My grandmother has told me the story so often, I vividly recall the milk house although I have never been there. It is built of gray stone gathered from the fields and held together with chalky mortar. A patch of moss by the door looks like a velvet pincushion. Inside: a cream separator, the churn, gleaming tin pails, and butter paddles, their wood frayed from years of use. I see them through her eyes as she recites them like the rosary, like a charm.
Even though she died three years ago, she comes to me in dreams to add more detail — an inch-long tear in the screen patched with black darning thread, the speck of the man coming toward her on the road, framed by the door. So tiny is he that at first she mistakes him for a fly, as she lifts the pails of raw milk and pours them into the separator’s mouth. Not a cloud mars the sky.
She whistles “The Prisoner’s Lament” off-key to take her mind from the milky smell, faintly sour in the August heat. Uncle Mike and Aunt Rose have gone in the buggy to town to buy a part for the mowing machine. My grandmother’s gingham dress is plastered to her back and a damp, red curl sticks to her flushed cheek. At thirteen she is gangly, still frail from her years in the orphanage.
“It wasn’t so bad, living on Uncle Mike’s farm,” she tells me long afterward when her pale hair is blue from a rinse bought at the five-and-dime. “Certainly not as bad as with the nuns.” The beatings and long days spent mending buckets of stockings, the cruelties handed out by the children who had parents, but nonetheless were boarded at the home, weren’t the worst. Those were nothing compared to the man who rented the orphans to beg for him.
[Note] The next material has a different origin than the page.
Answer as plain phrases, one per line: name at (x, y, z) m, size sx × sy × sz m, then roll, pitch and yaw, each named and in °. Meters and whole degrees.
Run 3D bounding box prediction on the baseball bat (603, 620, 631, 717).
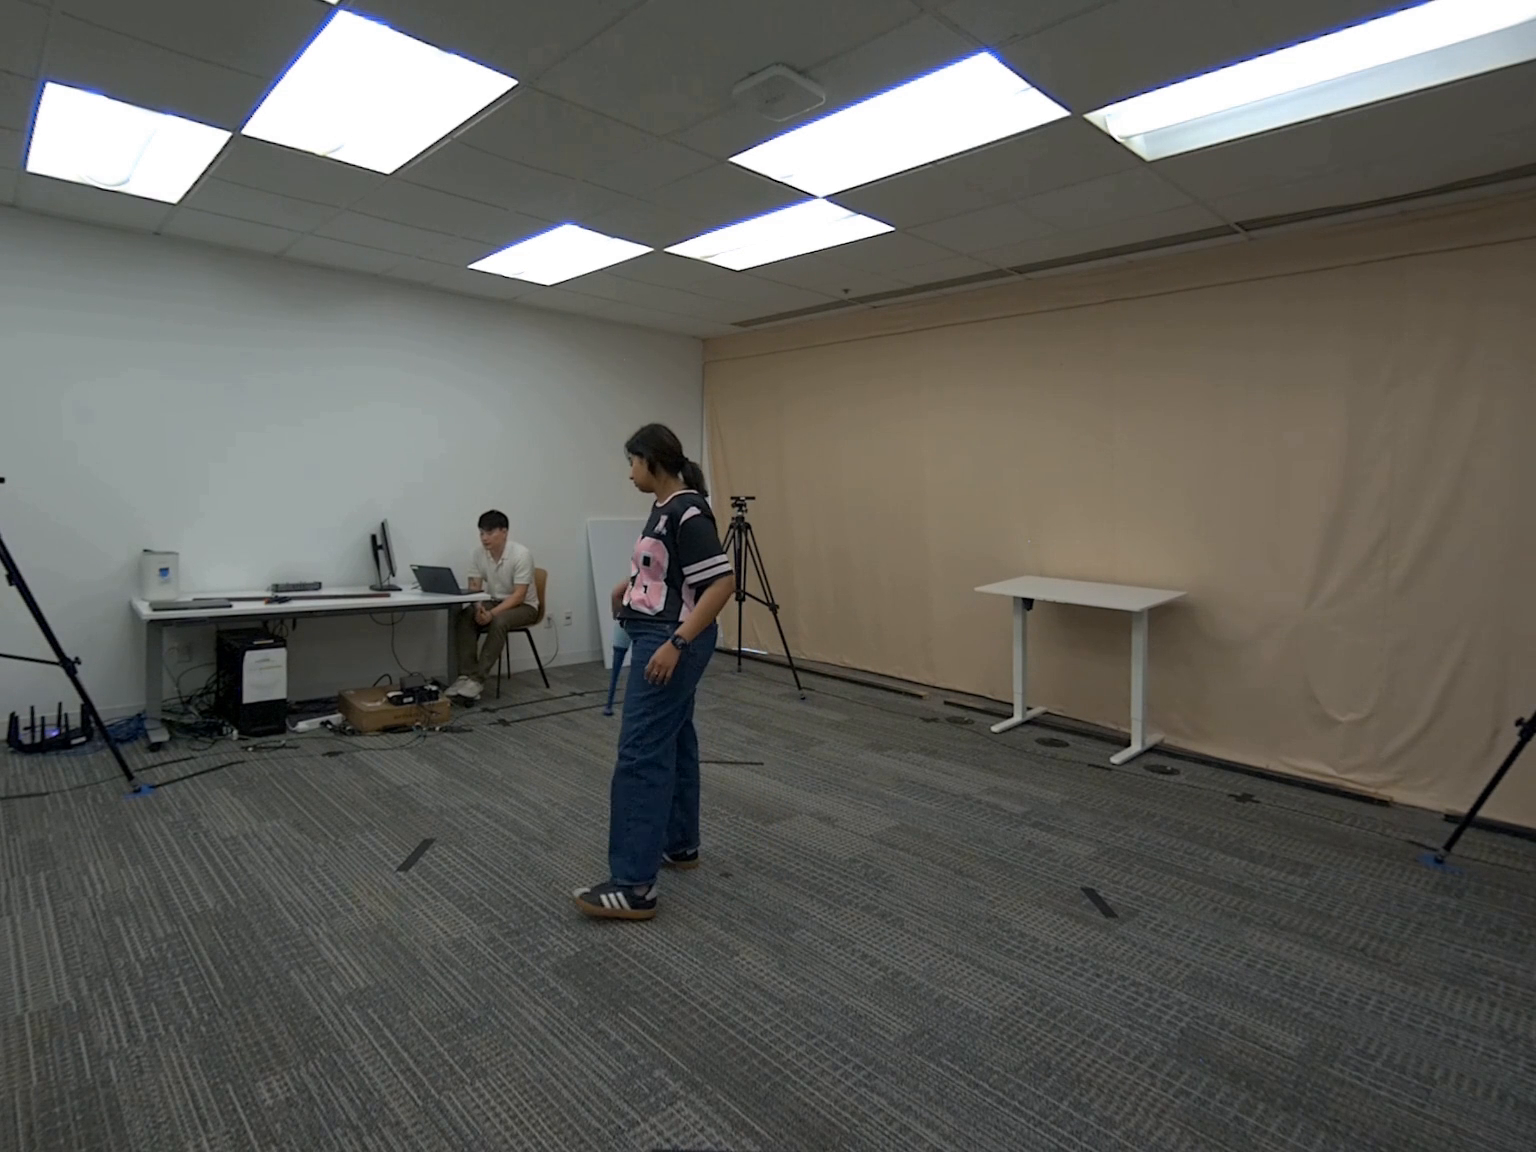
baseball bat at (-0.614, 0.319, 3.494) m, size 0.089 × 0.543 × 0.089 m, roll 12°, pitch 0°, yaw -2°

He wore a bowler hat and a scratchy black wool coat, and he always arrived right before Christmas. “You make more of a profit begging around the holidays,” my grandmother lets me know. Her housedress pulls tight against her hips, as solidly plump as the flowered cushions on her brand-new Sears loveseat.
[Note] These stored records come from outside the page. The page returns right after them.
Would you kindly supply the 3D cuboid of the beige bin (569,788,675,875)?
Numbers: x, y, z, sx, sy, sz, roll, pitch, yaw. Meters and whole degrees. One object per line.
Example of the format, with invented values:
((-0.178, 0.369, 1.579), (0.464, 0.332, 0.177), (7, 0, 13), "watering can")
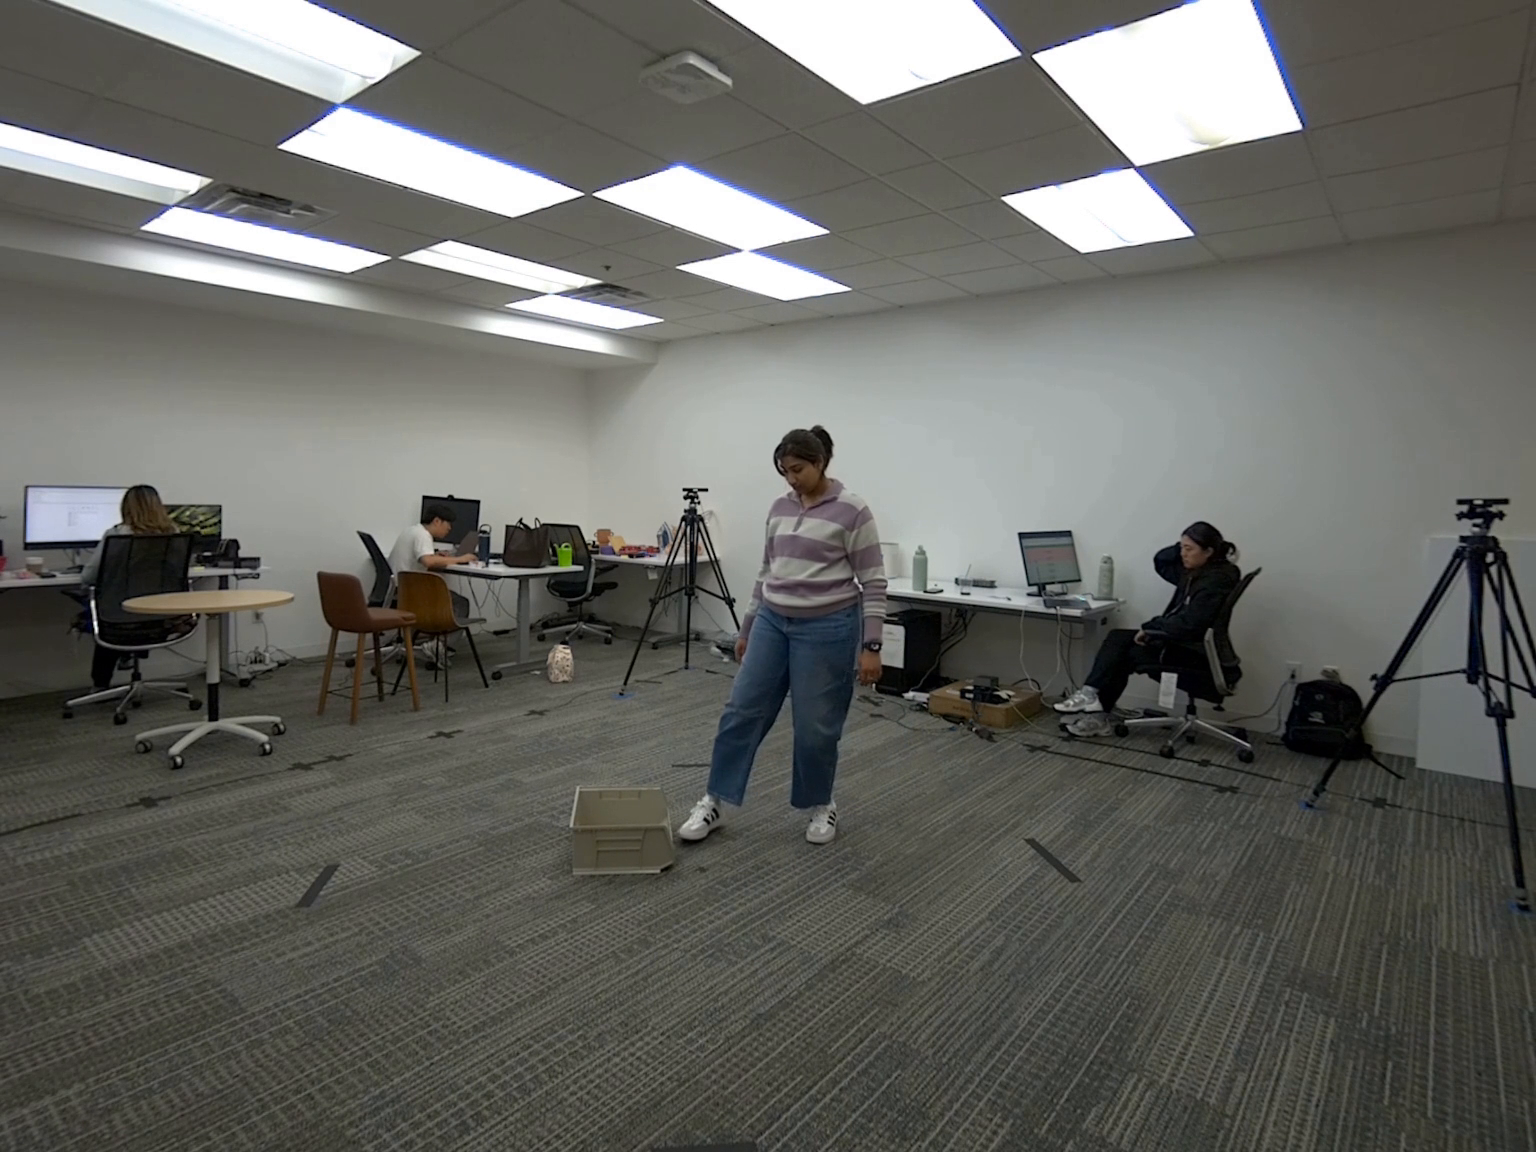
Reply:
((-0.567, 0.962, 3.256), (0.374, 0.188, 0.427), (0, 6, -8), "beige bin")

“He’d ask for about a dozen of us, and I’d hide because I didn’t want to go,” she says as she dusts. “But since I looked so pitiful, I was always picked. He’d take us on the ferry to Milwaukee, take our coats away from us, and dump us out in the street.” She stops her work now to hug me, and my nose fills with the scent of Tabu bath powder. “He’d paid the nuns a certain amount, and we had to make that back for him plus a profit or else he wouldn’t let us eat our supper. Stale bread.”
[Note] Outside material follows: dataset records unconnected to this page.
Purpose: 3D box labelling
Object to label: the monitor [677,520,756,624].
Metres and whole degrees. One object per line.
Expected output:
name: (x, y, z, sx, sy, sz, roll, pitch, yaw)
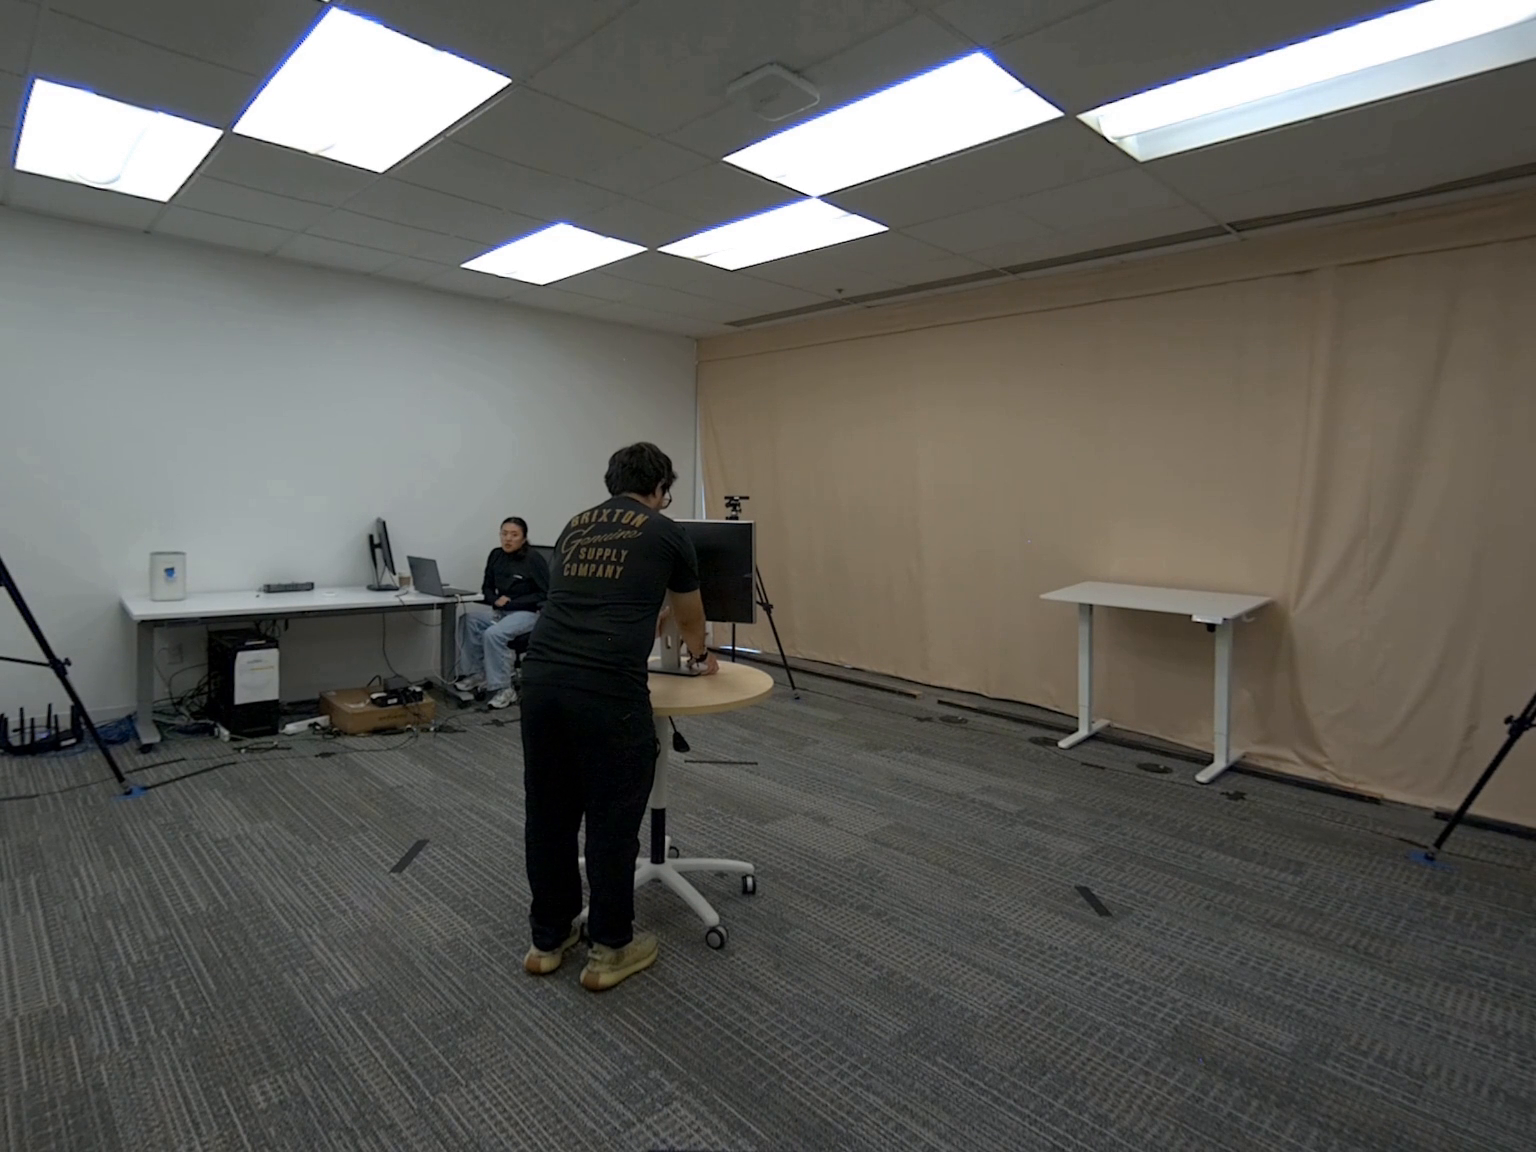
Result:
monitor: (-0.332, 0.075, 2.967, 0.575, 0.552, 0.207, 3, 6, 21)

Her face closes with remembering. “The snow was never white in Milwaukee, always dirty gray like pigeons.” A shudder passes through her. “Dirty and cold, so cold. Sometimes he’d rip our clothes to make us more appealing to the fine folks with money, and when he’d return us, he’d tell the nuns we tore them playing. They’d slap us and send us to bed without eating.” My grandmother and I spend the remainder of the afternoon playing bingo, and she teaches me to play cards.
The Christmases she produces are spectacular and always include a reading of “The Little Match Girl.” Her lace-covered table is crammed with ham and turkey, mince and pumpkin and apple pies. A mountain of presents spills from beneath the tree to fill the living room. Each year I receive more dolls to make up for the ones she never had.
“You’re spoiling her,” my mother grouses annually.
“I have a right,” is my grandmother’s ritual reply, jaw set, eyes flashing blue fire as if gas jets burn behind them.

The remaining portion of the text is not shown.